Entries supplied:
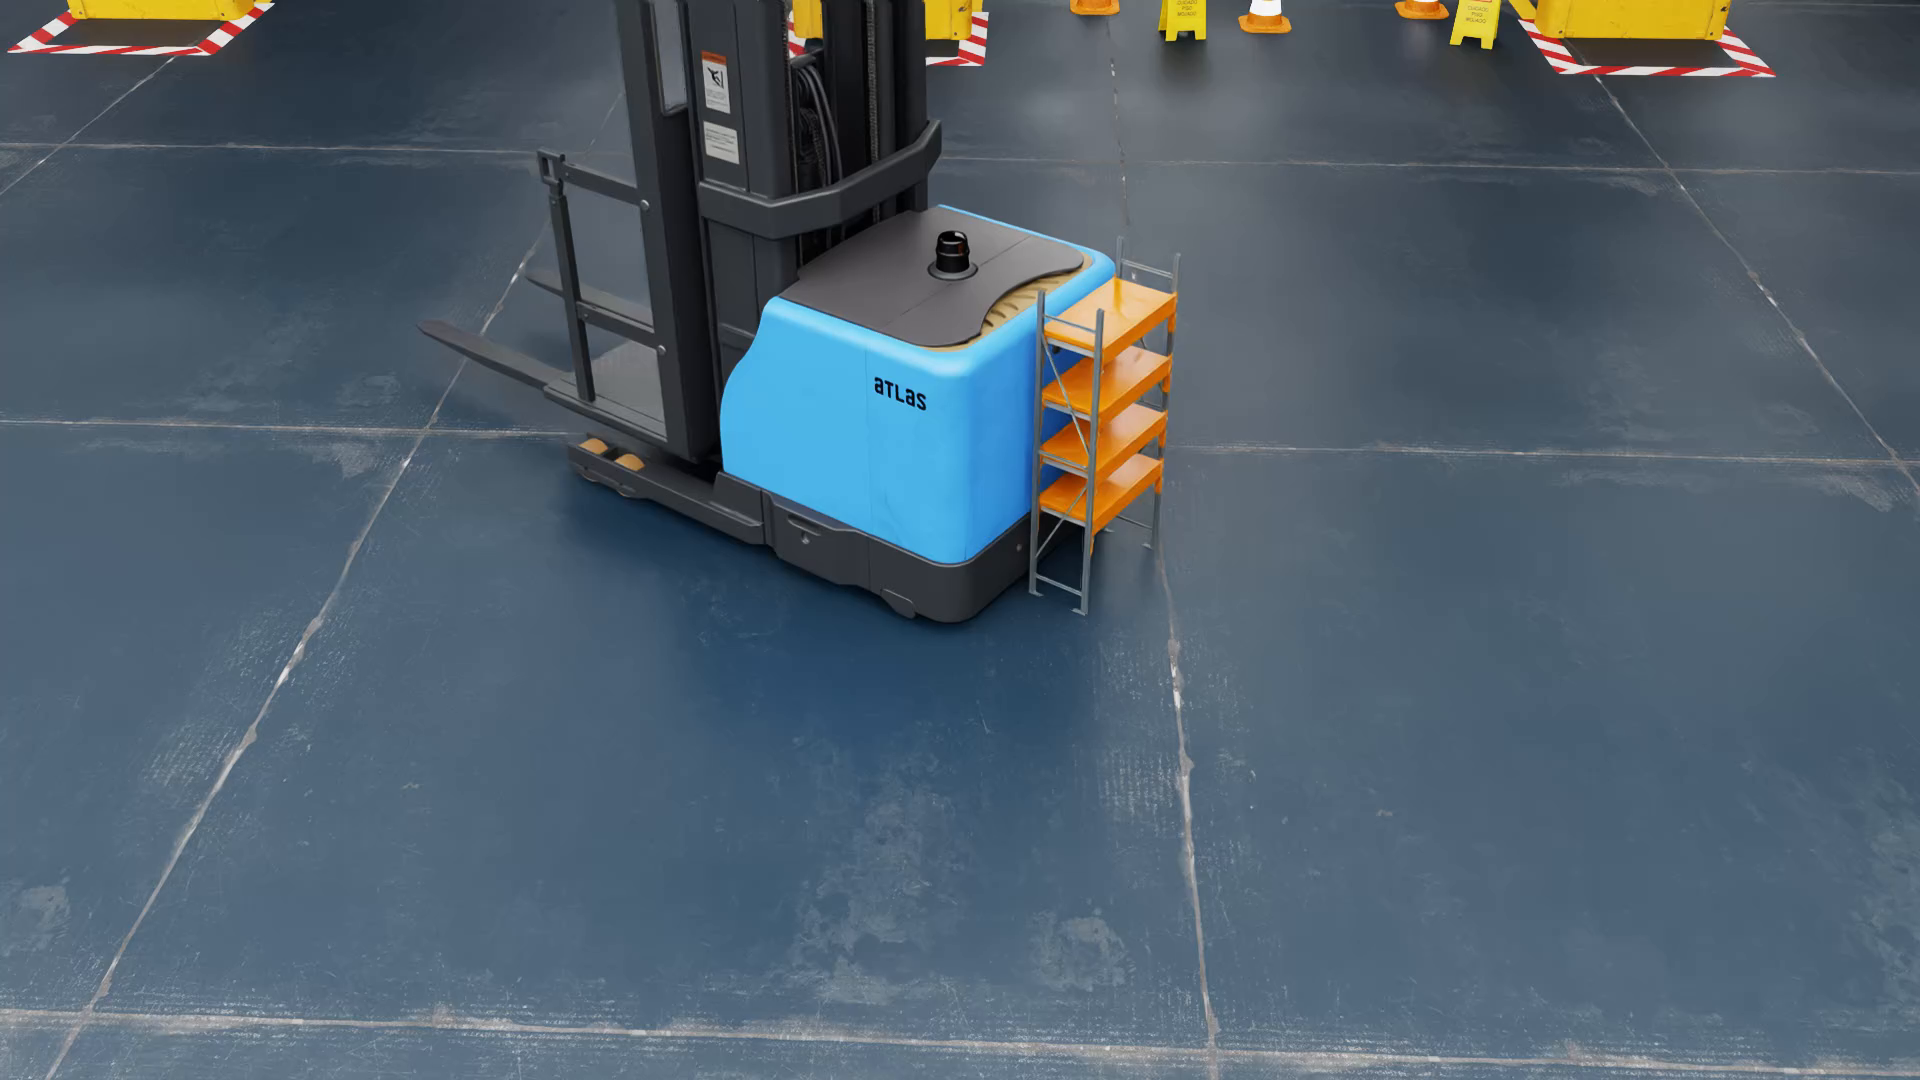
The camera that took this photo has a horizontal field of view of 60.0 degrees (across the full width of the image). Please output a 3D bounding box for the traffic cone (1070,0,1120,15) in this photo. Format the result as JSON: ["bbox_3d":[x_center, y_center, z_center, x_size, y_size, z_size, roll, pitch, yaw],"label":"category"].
[{"bbox_3d":[0.930,-3.869,11.353,0.336,0.463,0.334,1,35,2],"label":"traffic cone"}]

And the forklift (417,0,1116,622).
[{"bbox_3d":[-0.928,-1.587,5.960,3.031,2.935,1.130,23,41,29],"label":"forklift"}]

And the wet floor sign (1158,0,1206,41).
[{"bbox_3d":[1.467,-3.609,10.825,0.267,0.644,0.232,-4,35,-6],"label":"wet floor sign"}]

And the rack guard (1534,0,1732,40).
[{"bbox_3d":[4.443,-3.600,10.937,1.175,0.500,0.348,1,35,2],"label":"rack guard"}]

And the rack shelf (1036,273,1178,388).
[{"bbox_3d":[0.491,-0.700,5.520,0.258,0.148,0.480,22,41,28],"label":"rack shelf"}]

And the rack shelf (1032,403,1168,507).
[{"bbox_3d":[0.491,-0.324,5.784,0.258,0.148,0.480,22,41,28],"label":"rack shelf"}]

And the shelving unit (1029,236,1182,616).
[{"bbox_3d":[0.491,-0.379,5.745,0.258,1.200,0.503,22,41,28],"label":"shelving unit"}]

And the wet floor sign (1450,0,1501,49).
[{"bbox_3d":[3.363,-3.531,10.713,0.267,0.644,0.232,13,37,18],"label":"wet floor sign"}]

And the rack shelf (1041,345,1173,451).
[{"bbox_3d":[0.491,-0.507,5.656,0.258,0.148,0.480,22,41,28],"label":"rack shelf"}]

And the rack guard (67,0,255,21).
[{"bbox_3d":[-5.459,-3.829,11.263,1.175,0.500,0.348,1,35,2],"label":"rack guard"}]

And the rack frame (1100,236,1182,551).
[{"bbox_3d":[0.633,-0.493,5.908,0.240,1.200,0.015,22,41,28],"label":"rack frame"}]

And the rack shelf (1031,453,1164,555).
[{"bbox_3d":[0.491,-0.161,5.898,0.258,0.148,0.480,22,41,28],"label":"rack shelf"}]

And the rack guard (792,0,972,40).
[{"bbox_3d":[-0.511,-3.599,10.936,1.175,0.500,0.348,1,35,2],"label":"rack guard"}]

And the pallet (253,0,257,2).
[{"bbox_3d":[-5.391,-4.176,12.009,1.003,0.211,1.213,1,35,2],"label":"pallet"}]

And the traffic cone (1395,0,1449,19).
[{"bbox_3d":[3.169,-3.818,11.280,0.336,0.463,0.334,1,35,2],"label":"traffic cone"}]

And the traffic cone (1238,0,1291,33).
[{"bbox_3d":[2.046,-3.648,11.038,0.336,0.463,0.334,1,35,2],"label":"traffic cone"}]

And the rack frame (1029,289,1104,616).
[{"bbox_3d":[0.349,-0.265,5.583,0.240,1.200,0.015,22,41,28],"label":"rack frame"}]

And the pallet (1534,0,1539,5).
[{"bbox_3d":[4.511,-3.947,11.683,1.003,0.211,1.213,1,35,2],"label":"pallet"}]

Problem to solve:
Skip every line before the one containing "And the pallet (253,0,257,2).". Retype that line and the rest through the last one exactly as they stand in the listing.

Response for this exercise:
And the pallet (253,0,257,2).
[{"bbox_3d":[-5.391,-4.176,12.009,1.003,0.211,1.213,1,35,2],"label":"pallet"}]

And the traffic cone (1395,0,1449,19).
[{"bbox_3d":[3.169,-3.818,11.280,0.336,0.463,0.334,1,35,2],"label":"traffic cone"}]

And the traffic cone (1238,0,1291,33).
[{"bbox_3d":[2.046,-3.648,11.038,0.336,0.463,0.334,1,35,2],"label":"traffic cone"}]

And the rack frame (1029,289,1104,616).
[{"bbox_3d":[0.349,-0.265,5.583,0.240,1.200,0.015,22,41,28],"label":"rack frame"}]

And the pallet (1534,0,1539,5).
[{"bbox_3d":[4.511,-3.947,11.683,1.003,0.211,1.213,1,35,2],"label":"pallet"}]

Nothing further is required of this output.